Similar search strategies were used in both systematic reviews (for full details, please see Manea et al and Moriarty et al13 14). Embase, Medline and PsycINFO were searched from 1999 (when the PHQ-9 was first developed) to August 2013 and September 2013, respectively, using the terms ‘PHQ-9’, ‘PHQ’, ‘PHQ$’ and ‘patient health questionnaire’. The search strategy is presented in online supplementary appendix 1. The reference lists of studies fitting the inclusion criteria were manually searched and a reverse citation search in Web of Science was performed. The authors of unpublished studies were contacted and conference abstracts were reviewed in an attempt to minimise publication bias. The following inclusion-exclusion criteria were used: Population: adult population. Instrument: studies that used the PHQ-9. Comparison (reference standard): the accuracy of the PHQ-9 had to be assessed against a recognised gold-standard instrument for the diagnosis of either DSM or International Classification of Disease (ICD) criteria for major depression. Studies were included if the diagnoses were made using a standardised diagnostic structured interview schedule (eg, Mini International Neuropsychiatric Interview (MINI), Structured Clinical Interview for DSM Disorders (SCID)). Unguided clinician diagnoses with no reference to a standard structured diagnostic schedule or comparisons of the PHQ-9 with other self-report measures were excluded. Studies were also excluded if the target diagnosis was not major depressive disorder (MDD, eg, any depressive disorder).
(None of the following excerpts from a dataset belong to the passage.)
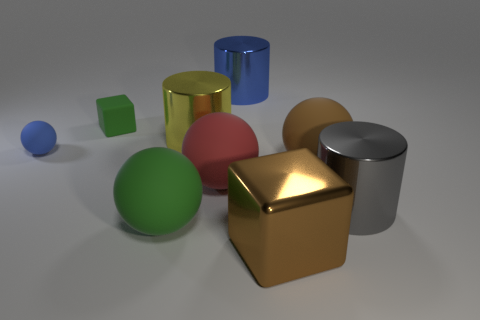Do the tiny thing to the right of the small blue object and the large rubber object that is to the left of the yellow cylinder have the same color?
Keep it short and to the point. Yes. How many other things are there of the same shape as the large brown matte object?
Provide a short and direct response. 3. Is the number of large objects that are in front of the large brown block the same as the number of green matte things that are in front of the green ball?
Make the answer very short. Yes. Is the big brown object that is in front of the green ball made of the same material as the green thing that is behind the large red object?
Make the answer very short. No. What number of other objects are there of the same size as the matte cube?
Offer a very short reply. 1. What number of objects are blue spheres or big shiny things that are on the left side of the big brown matte sphere?
Offer a very short reply. 4. Is the number of spheres that are in front of the tiny blue rubber sphere the same as the number of big brown blocks?
Keep it short and to the point. No. What shape is the large yellow thing that is the same material as the gray object?
Offer a very short reply. Cylinder. Are there any objects of the same color as the large metallic block?
Keep it short and to the point. Yes. What number of metallic things are either blue cylinders or big gray spheres?
Give a very brief answer. 1.

Outcome: studies had to report sufficient information to calculate a 2×2 contingency table for the algorithm or the recommended cut-off point 10. Study design: any design. Additional criterion: we avoided double counting of evidence by ensuring that only one study of those that reported overlapping datasets in different journals were included in the meta-analysis. Citations with overlapping samples were examined to establish whether they contained information relevant to the research question that was not contained in the included report.

Quality assessment

Quality assessment was performed using the Quality Assessment of Diagnostic Accuracy Studies (Revised) (QUADAS-2) tool, a tool for evaluating the risk of bias and applicability of primary diagnostic accuracy studies when conducting diagnostic systematic reviews.15 It covers the areas of patient selection, index test, reference standard and flow and timing.16 This tool was adapted for the two reviews and quality assessments were carried out by two independent reviewers for all studies included in the reviews.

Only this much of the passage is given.